Work request
Provide a verbatim copy of all the records below, leaving the images out.

Input data

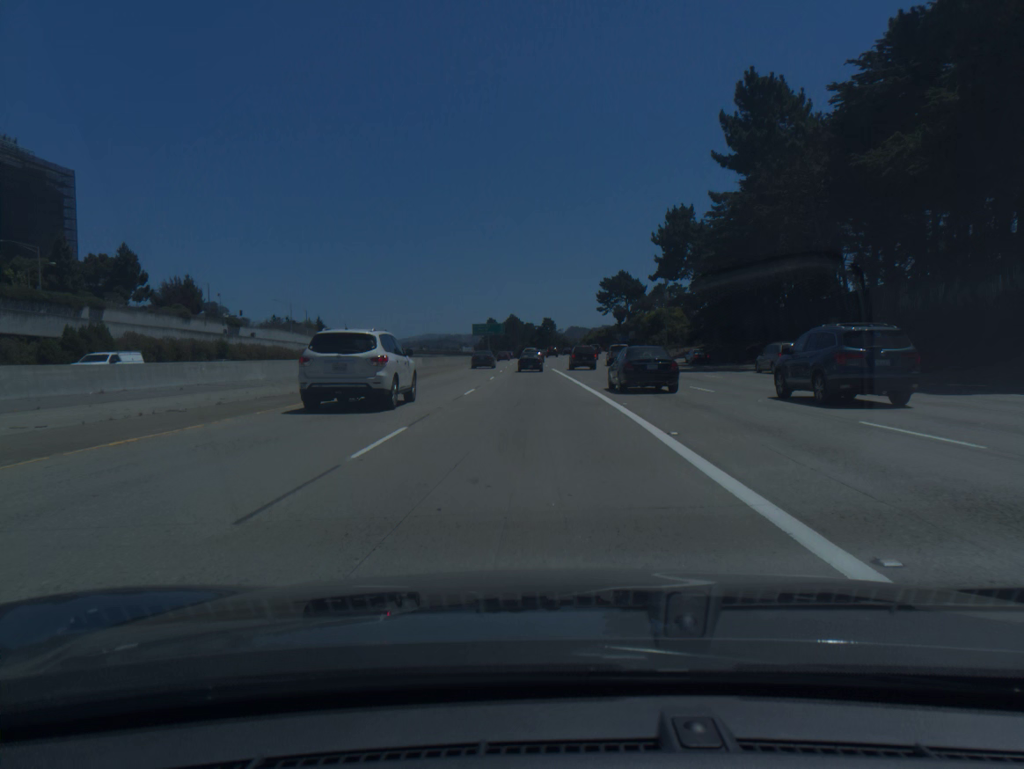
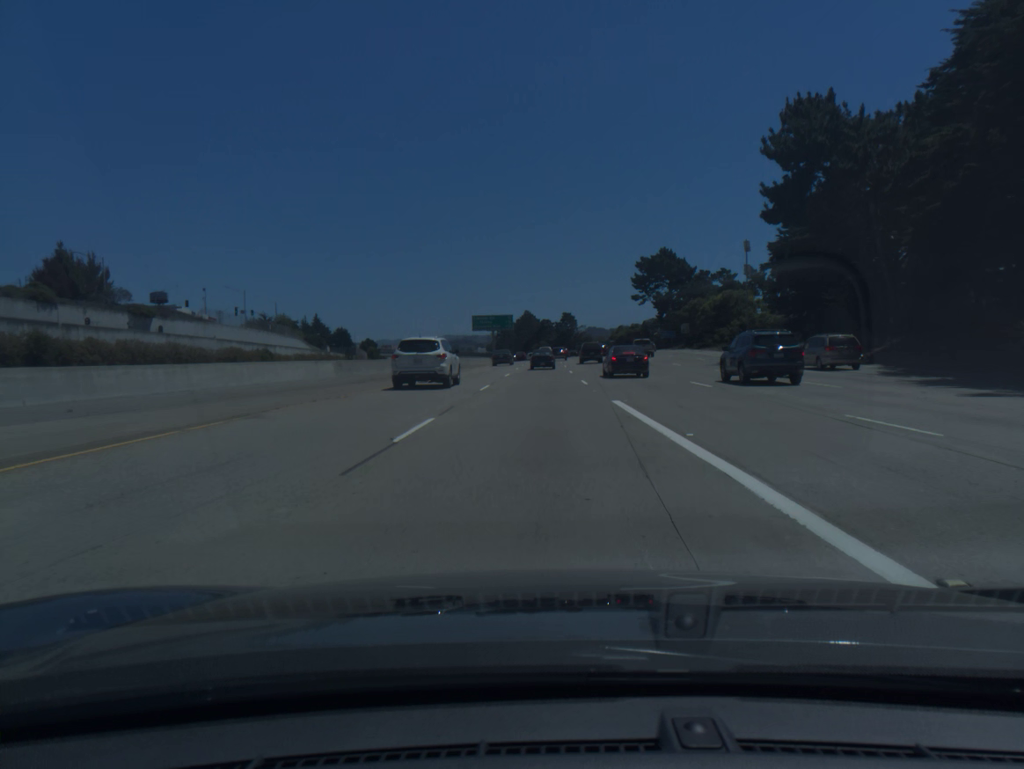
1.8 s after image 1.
(-0.6, +42.3) m; -1°
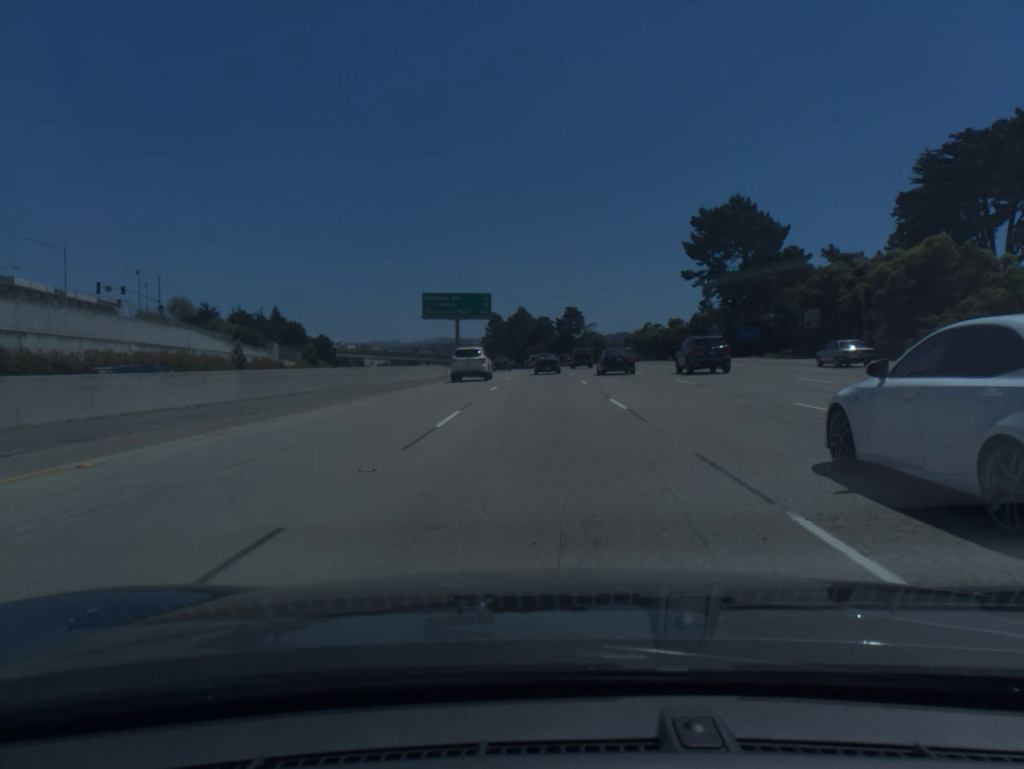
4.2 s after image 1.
(-0.1, +56.4) m; 0°
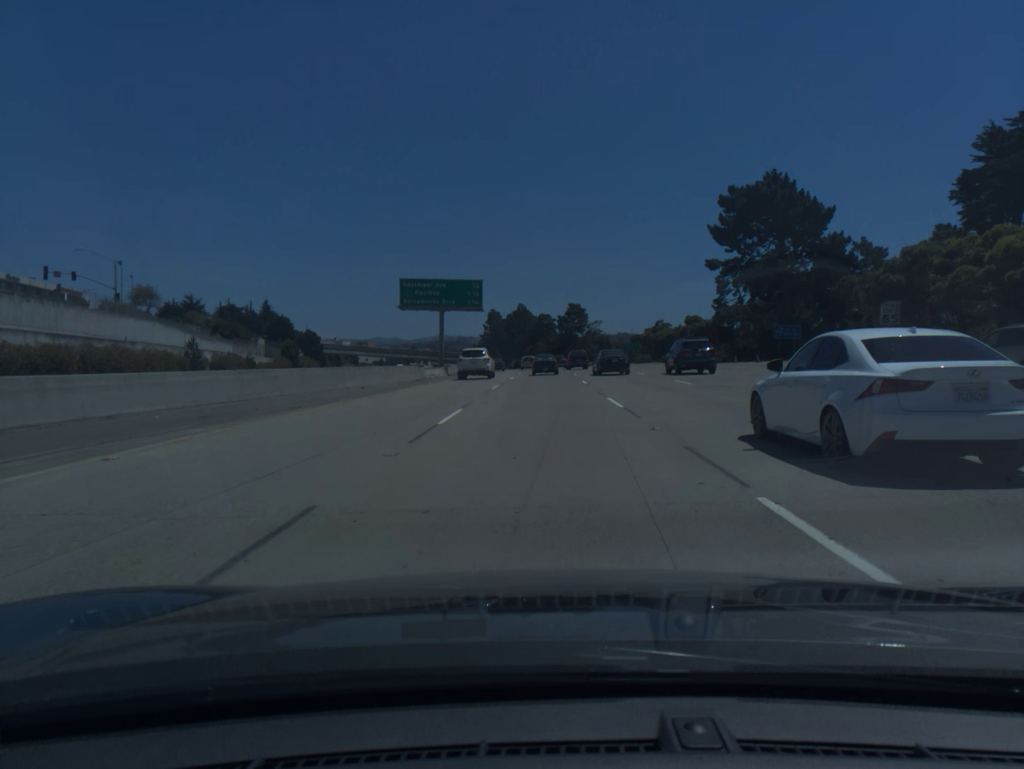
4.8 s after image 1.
(0.0, +14.0) m; 0°
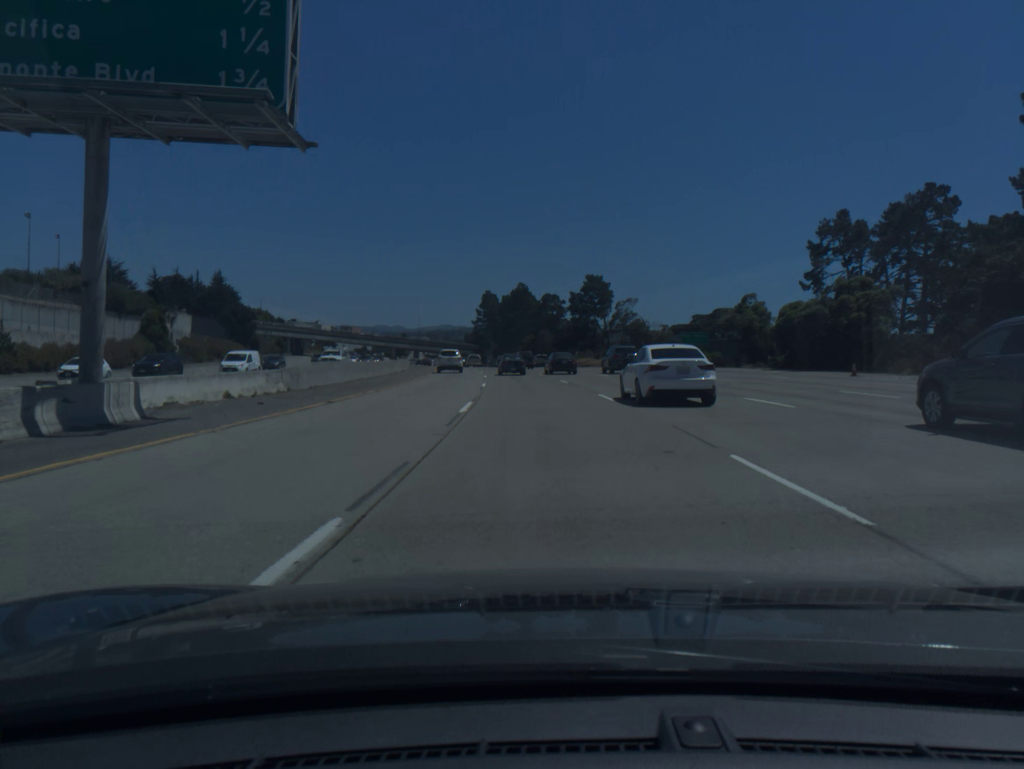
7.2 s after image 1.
(-0.1, +55.4) m; 0°
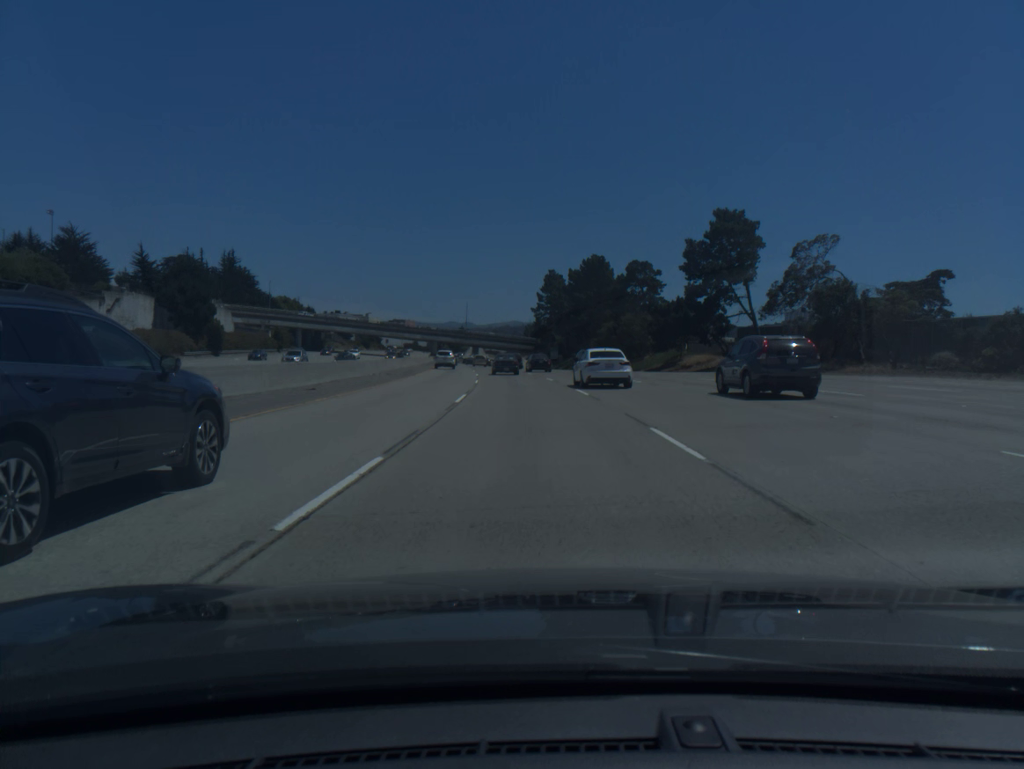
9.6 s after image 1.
(-2.0, +55.2) m; -5°
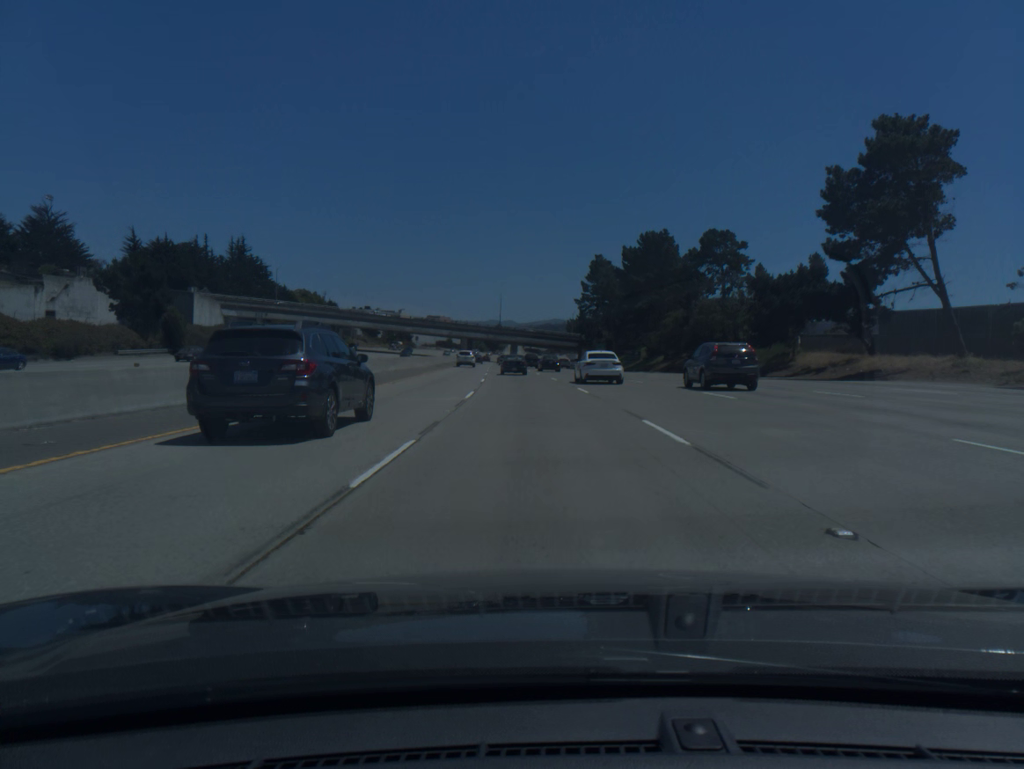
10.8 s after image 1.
(-0.7, +27.6) m; -3°

Exercise solution
1.8 s after image 1.
(-0.6, +42.3) m; -1°
4.2 s after image 1.
(-0.1, +56.4) m; 0°
4.8 s after image 1.
(0.0, +14.0) m; 0°
7.2 s after image 1.
(-0.1, +55.4) m; 0°
9.6 s after image 1.
(-2.0, +55.2) m; -5°
10.8 s after image 1.
(-0.7, +27.6) m; -3°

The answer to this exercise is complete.